Regional economic cooperation - where to start?

Many municipalities struggle with the same economic development challenges, especially if they are located in a similar geographic area. Although it offers many benefits, regional economic cooperation is not always easy to start or sell to stakeholders. So what is the best way to get the ball rolling? First let's take a brief look at some of the benefits and challenges.

First of all, regional economic cooperation offers the following major economic benefits:

  • As a whole, there is more to sell - When municipalities work cooperatively, each one brings its own assets and strengths to the table. As such, the whole package offered to outsiders is larger, more varied, and increasingly attractive than would be the package offered by a single municipality working alone. It is also believed that businesses and consumers consider the region first before an actual municipality when making location or investment decisions - another reason to sell the region as a whole.
  • Sharing resources - By pooling resources (financial, human, etc.), cooperating municipalities can expand their economic development initiatives. The previously limited resources of the municipality when acting alone are now increased, allowing them to pursue larger and higher impact initiatives, and in markets not previously accessible.
  • Economies of scale - In many situations, it is not efficient for each municipality in a given region to deliver all of its own economic development services (leading to unnecessary duplication of efforts). By cooperating regionally, more can be done with the existing inputs.
  • Networking potential - By working through an expanded network, you will become much more aware of opportunities, learn from other people's experiences, better understand the varying interests in your region, and allow you to better align your efforts with those of other municipalities.

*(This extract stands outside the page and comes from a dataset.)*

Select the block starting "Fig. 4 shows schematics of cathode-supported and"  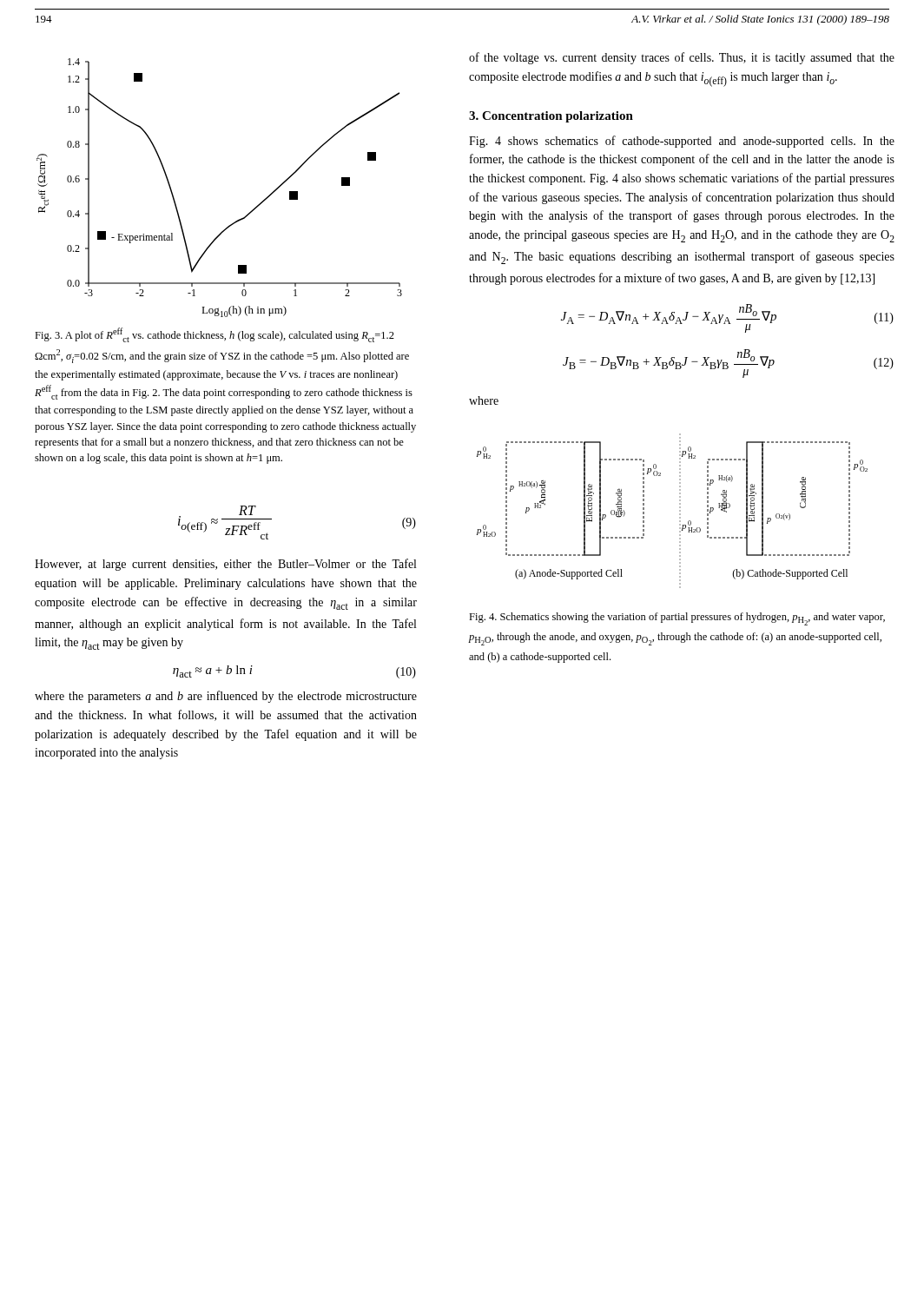(682, 209)

However, regional economic cooperation does also have some challenges. These include:

  • Politics - Political (and sometimes organizational) leadership structures often impede cooperation. By defining an undeniable mutual benefit from cooperation, politics can be overcome.
  • A culture of independence and self-sufficiency - Many organizations feel that they can do things best on their own of that help from others is not required; however, by working together greater results can be achieved by all parties.
  • Resistance to change/fear of failure - In order to combat the resistance to working with former competing regional partners, it is important to define a clear and compelling benefits-based call to action in order to win them over.
  • Focusing on the wrong things - The focus of the cooperation should be on bettering the region as a whole, not on narrow or limiting goals such as developing real estate or supporting businesses. It is also important that it be recognized that prosperity for the region is less likely to be achieved through traditional economic development approaches and that innovative, outside-the-box thinking is required.

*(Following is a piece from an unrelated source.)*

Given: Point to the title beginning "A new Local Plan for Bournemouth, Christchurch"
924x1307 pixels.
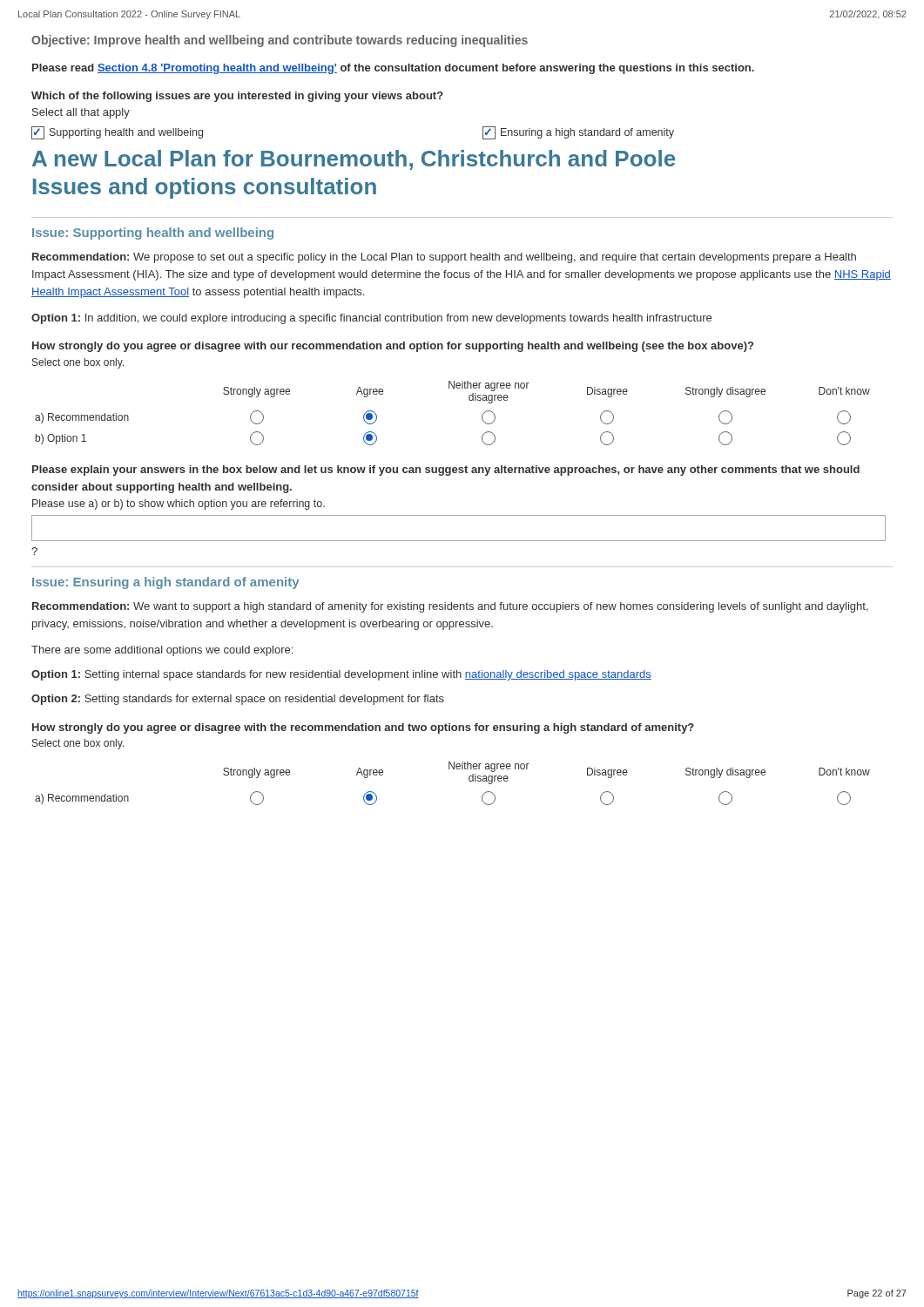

So, where does one start when considering regional economic cooperation? Here are some tips to get you on your way:

  • Start small - Often the trust does not exist within a region to start with a large project such as a regional strategic plan. Start with a project that has broad support, and use that project to open the lines of communication and to build trust.
  • Define your region - This is the tough part, and there is no singular right answer. In order for regional cooperation to be effective however, it is essential that the involved municipalities are faced with similar challenges and opportunities. In addition, the defined region must be geographically reasonable, and the local leaders must be willing.
  • Set-up the framework - Identify a high-profile champion to lead. Make the decision-making process and expectations clear to all from the start.
  • Ensure effective leadership - The leadership should have vision and influence. In addition, they should be able to facilitate meetings, promote and lead discussions, mediate and mitigate conflicts, create a neutral playing field, organize ideas, keep participants informed and engaged, keep the discussion relevant, and push the collective effort towards resolution.
  • Communicate the process widely - From the beginning, ensure the process is transparent and communicated to both stakeholders and the public. Involve everyone early and often, ensure updates are communicated regularly.

Ultimately, the key to regional economic cooperation is to start talking - with colleagues, counterparts in other municipalities, and key stakeholders. Build the excitement and the support for cooperation. And once momentum is created, ensure it is maintained. Make regional economic cooperation a priority long-term initiative - and stick to it.